▸ **STORED DATA**:
-------

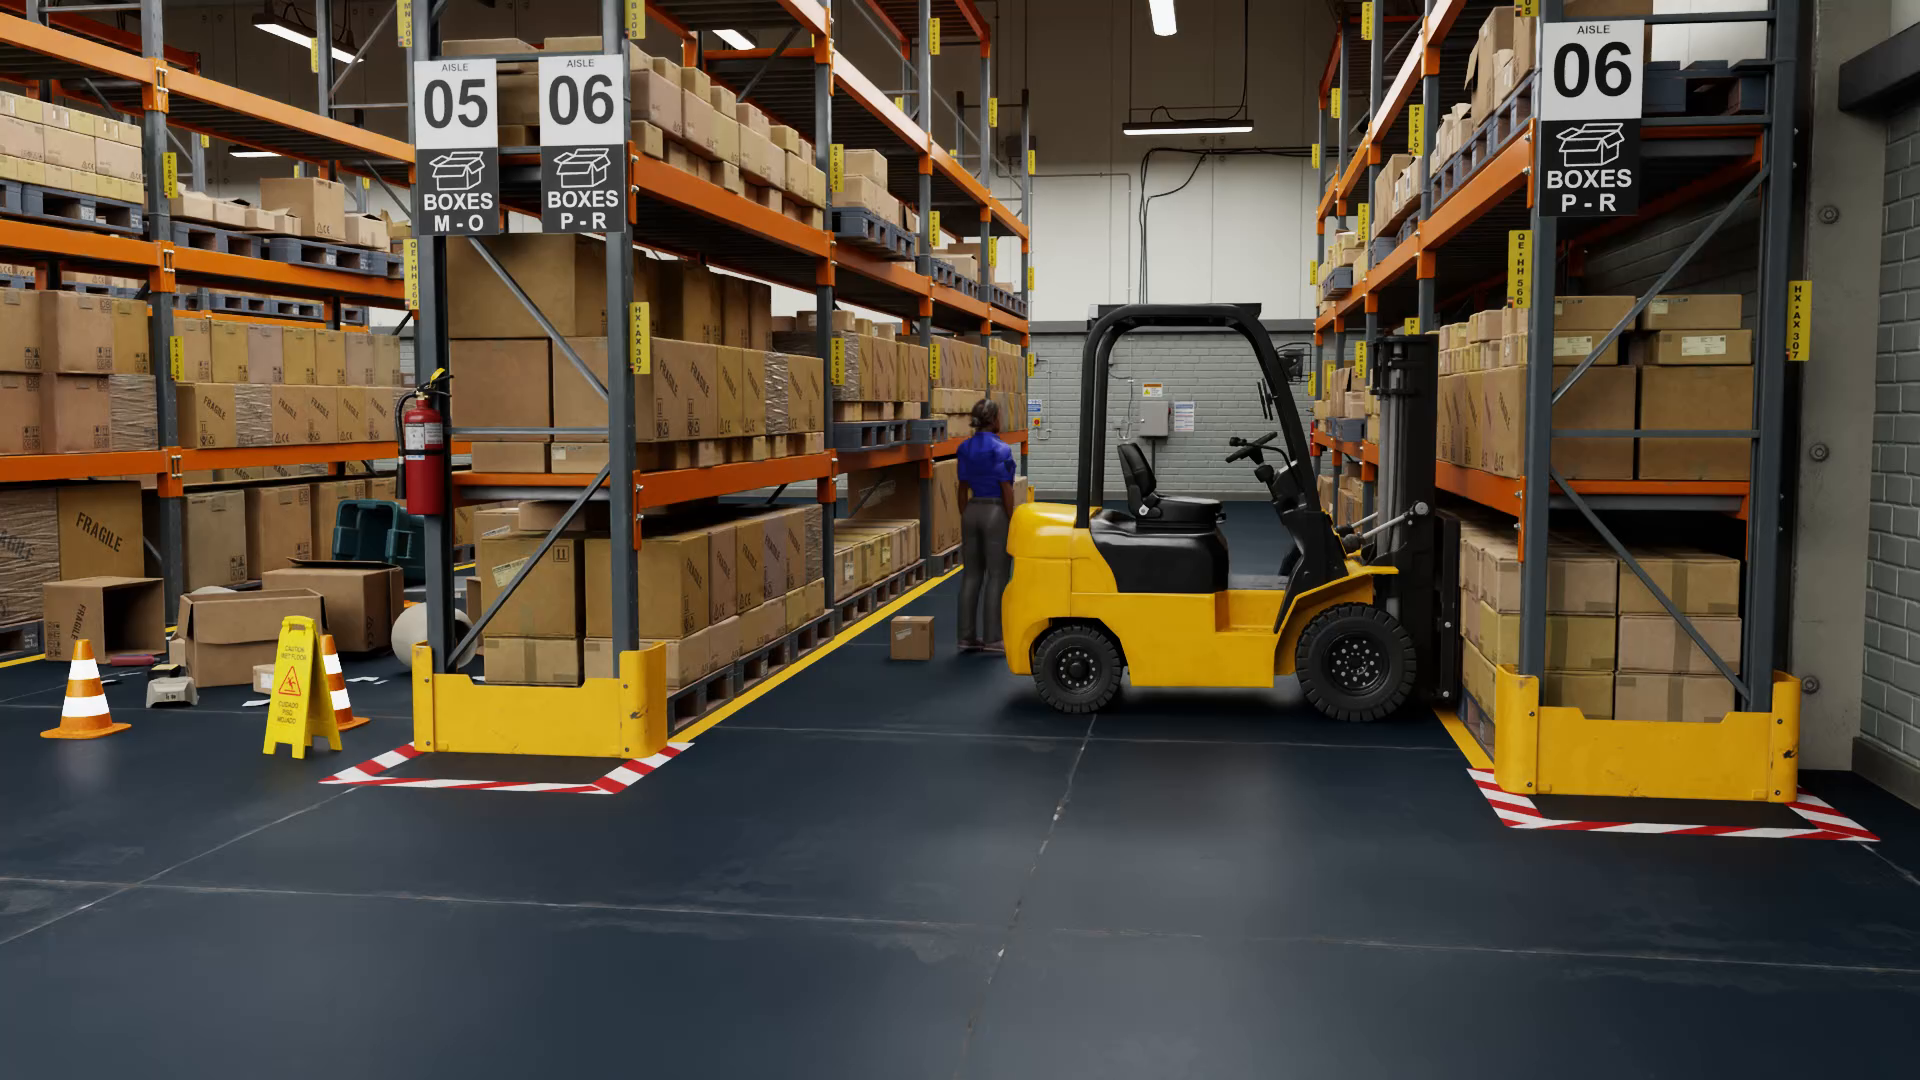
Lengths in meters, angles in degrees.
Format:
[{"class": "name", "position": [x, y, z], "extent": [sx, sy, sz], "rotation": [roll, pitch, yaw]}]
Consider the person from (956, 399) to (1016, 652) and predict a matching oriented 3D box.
[{"class": "person", "position": [0.201, -0.093, 10.899], "extent": [0.507, 1.658, 0.297], "rotation": [4, 6, 41]}]
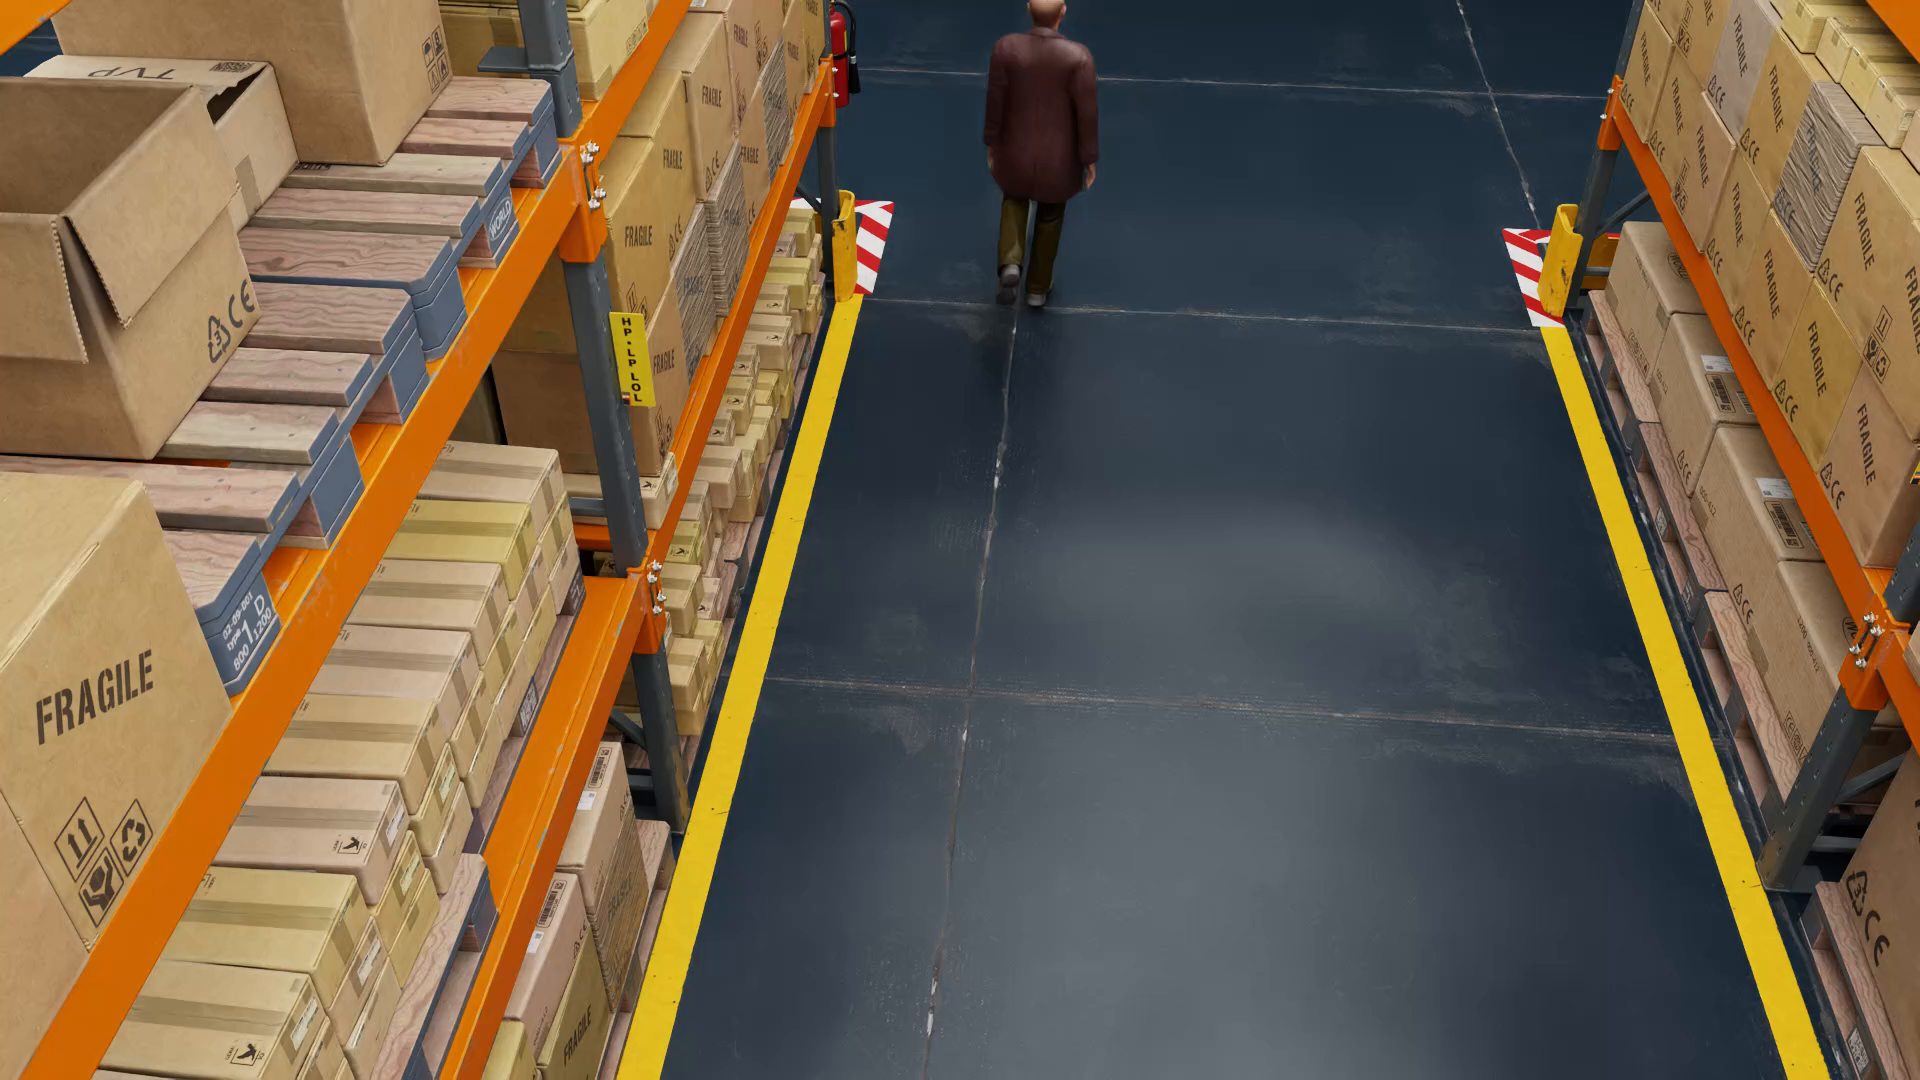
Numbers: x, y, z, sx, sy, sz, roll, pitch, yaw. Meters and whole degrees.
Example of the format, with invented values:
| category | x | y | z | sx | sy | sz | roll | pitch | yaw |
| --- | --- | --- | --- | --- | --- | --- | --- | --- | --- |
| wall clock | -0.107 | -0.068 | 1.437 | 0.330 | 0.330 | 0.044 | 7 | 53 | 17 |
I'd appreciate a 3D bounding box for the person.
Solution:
| category | x | y | z | sx | sy | sz | roll | pitch | yaw |
| --- | --- | --- | --- | --- | --- | --- | --- | --- | --- |
| person | 0.404 | -1.979 | 8.525 | 0.622 | 1.774 | 0.628 | 10 | 41 | 12 |

-------

▸ **PROBLEM STATEMENT**:
Pictures stay out; print everything else in the data exactly.

▸ **RESPONSE TO THIS EXERCISE**:
Lengths in meters, angles in degrees.
Format:
[{"class": "name", "position": [x, y, z], "extent": [sx, sy, sz], "rotation": [roll, pitch, yaw]}]
Consider the person from (956, 399) to (1016, 652) and predict a matching oriented 3D box.
[{"class": "person", "position": [0.201, -0.093, 10.899], "extent": [0.507, 1.658, 0.297], "rotation": [4, 6, 41]}]
Numbers: x, y, z, sx, sy, sz, roll, pitch, yaw. Meters and whole degrees.
Example of the format, with invented values:
| category | x | y | z | sx | sy | sz | roll | pitch | yaw |
| --- | --- | --- | --- | --- | --- | --- | --- | --- | --- |
| wall clock | -0.107 | -0.068 | 1.437 | 0.330 | 0.330 | 0.044 | 7 | 53 | 17 |
I'd appreciate a 3D bounding box for the person.
Solution:
| category | x | y | z | sx | sy | sz | roll | pitch | yaw |
| --- | --- | --- | --- | --- | --- | --- | --- | --- | --- |
| person | 0.404 | -1.979 | 8.525 | 0.622 | 1.774 | 0.628 | 10 | 41 | 12 |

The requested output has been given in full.